What everybody wonders is why DeWine, who has been Ohio Attorney General since 2011, only decided to go after ECOT now in the summer of 2018—as he, Ohio’s 2018 Republican candidate for governor, actively campaigns. DeWine claims to have waited until another case set a precedent for cracking down on such conflicts of interest involving a charter school—this time a smaller charter school in Cincinnati. Now, says Mike DeWine, he can be assured that as the State Attorney General he has standing to crack down on charter school fraud.

Clearly, the ECOT scandal has become hot potato for Republican candidates seeking state office in the November 2018 election. Democrats across the state, reminding the public of William Lager’s huge political investments in Republican campaigns over the years, are also reminding voters that key Republicans including Mike DeWine—currently attorney general and Ohio’s Republican gubernatorial candidate in November, and Dave Yost—currently state auditor and Ohio’s Republican candidate for attorney general in November, have been ignoring for years Lager’s compromised position as the founder and agent of nonprofit ECOT who is also making huge profits by steering business to his own for-profit contractors.

Will Ohio’s voters remember in November that the state Republican party enabled Lager to shift $1 billion from their public schools to ECOT?

A blogger who identifies as “democracy” posted this comment, with which I agree.


The bottom line is that Trump has lots and lots of Russian “mob” money, in Russia, the mob and the state are one and the same.
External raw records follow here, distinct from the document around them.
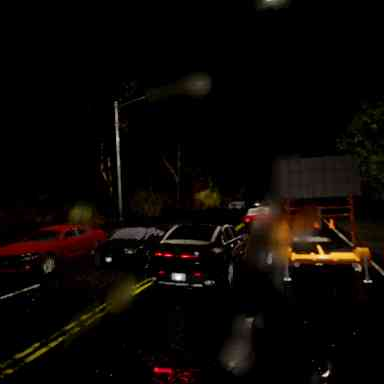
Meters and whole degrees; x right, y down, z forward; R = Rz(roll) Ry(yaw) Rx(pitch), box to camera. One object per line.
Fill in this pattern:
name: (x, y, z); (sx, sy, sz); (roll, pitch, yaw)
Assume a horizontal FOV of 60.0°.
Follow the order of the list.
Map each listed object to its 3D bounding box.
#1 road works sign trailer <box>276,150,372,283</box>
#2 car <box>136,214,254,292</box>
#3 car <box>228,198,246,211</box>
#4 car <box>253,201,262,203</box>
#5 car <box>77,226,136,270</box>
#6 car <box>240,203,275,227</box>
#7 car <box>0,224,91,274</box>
road works sign trailer: (3.918, 0.605, 10.243); (2.380, 3.560, 2.880); (-3, -1, 17)
car: (0.423, 1.574, 9.291); (1.837, 1.490, 4.892); (0, -1, 17)
car: (7.476, 2.028, 54.894); (2.150, 2.045, 5.566); (-3, -1, 18)
car: (10.562, 2.190, 53.839); (2.033, 1.411, 5.357); (-3, -1, 18)
car: (-2.161, 2.041, 12.804); (1.994, 1.385, 4.181); (-3, -1, 17)
car: (5.022, 1.807, 24.410); (1.895, 1.301, 4.718); (-4, 1, 17)
car: (-5.403, 2.116, 13.324); (1.882, 1.535, 5.008); (-3, -1, 17)

Trump has tapped tons of Russian moola, which is one reason he’s refused to release his tax returns, and in all likelihood, why Republicans in Congress refuse to force their release. Those returns would prove definitively the financial ties. But even without them, the ties have been well-established. The Financial Times did a deep look into the building of the Trump Tower in Toronto:

“Legal documents, signed statements and two dozen interviews with people with knowledge of the project and the money that flowed through it reveal that the venture connects the US president with a shadowy post-Soviet world where politics and personal enrichment merge…”

“it has become increasingly clear that many of the oligarchs who made their riches amid the downfall of the Soviet Union have protected their fortunes by advancing the interests of the ruling cliques at home. This wealth has been coursing through western markets, often disguised by shell companies. Trump’s sector, real estate, has long been susceptible to infusions of incognito money. A large proportion of sales of high-end US property takes place through companies whose true owners are hidden. A US Treasury investigation last year found that one in three cash buyers of top-end property was suspicious…”
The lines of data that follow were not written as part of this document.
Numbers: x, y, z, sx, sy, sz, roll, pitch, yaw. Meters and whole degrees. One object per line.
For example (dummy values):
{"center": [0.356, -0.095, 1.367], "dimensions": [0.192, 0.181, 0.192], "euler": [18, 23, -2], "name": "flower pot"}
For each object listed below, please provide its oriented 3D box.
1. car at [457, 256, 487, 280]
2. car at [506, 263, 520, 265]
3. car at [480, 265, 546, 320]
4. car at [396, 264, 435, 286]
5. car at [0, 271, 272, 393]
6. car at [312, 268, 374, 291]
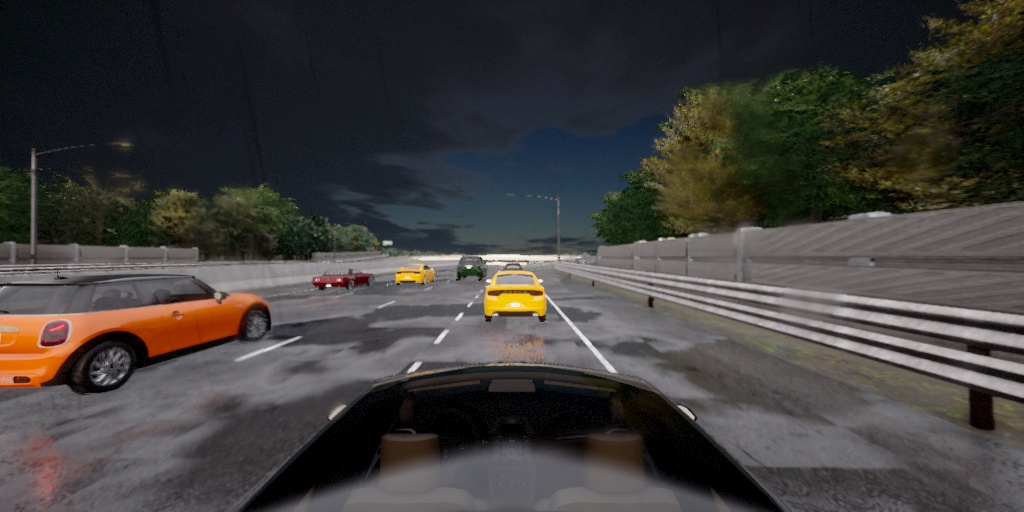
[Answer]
{"center": [-3.506, 1.042, 31.701], "dimensions": [2.150, 2.045, 5.566], "euler": [0, 0, 0], "name": "car"}
{"center": [0.095, 1.344, 30.979], "dimensions": [1.812, 1.442, 4.674], "euler": [0, 0, 0], "name": "car"}
{"center": [0.098, 1.250, 12.688], "dimensions": [1.882, 1.535, 5.008], "euler": [0, 0, 0], "name": "car"}
{"center": [-6.905, 1.283, 26.098], "dimensions": [1.882, 1.535, 5.008], "euler": [0, 0, 0], "name": "car"}
{"center": [-6.901, 1.110, 6.864], "dimensions": [2.097, 1.767, 4.553], "euler": [0, 0, 0], "name": "car"}
{"center": [-10.405, 1.398, 22.575], "dimensions": [1.895, 1.301, 4.718], "euler": [0, 0, 0], "name": "car"}

“Trump has broken with presidential tradition by refusing to divest his holdings in the dozens of companies that comprise the Trump Organization or to release tax returns that might shine more light on what appear to be multitudinous conflicts of interest. In May last year, his decision to fire James Comey as head of the FBI triggered the appointment of Robert Mueller, himself a former FBI chief, as special counsel to investigate links between the Russian government and the Trump campaign.”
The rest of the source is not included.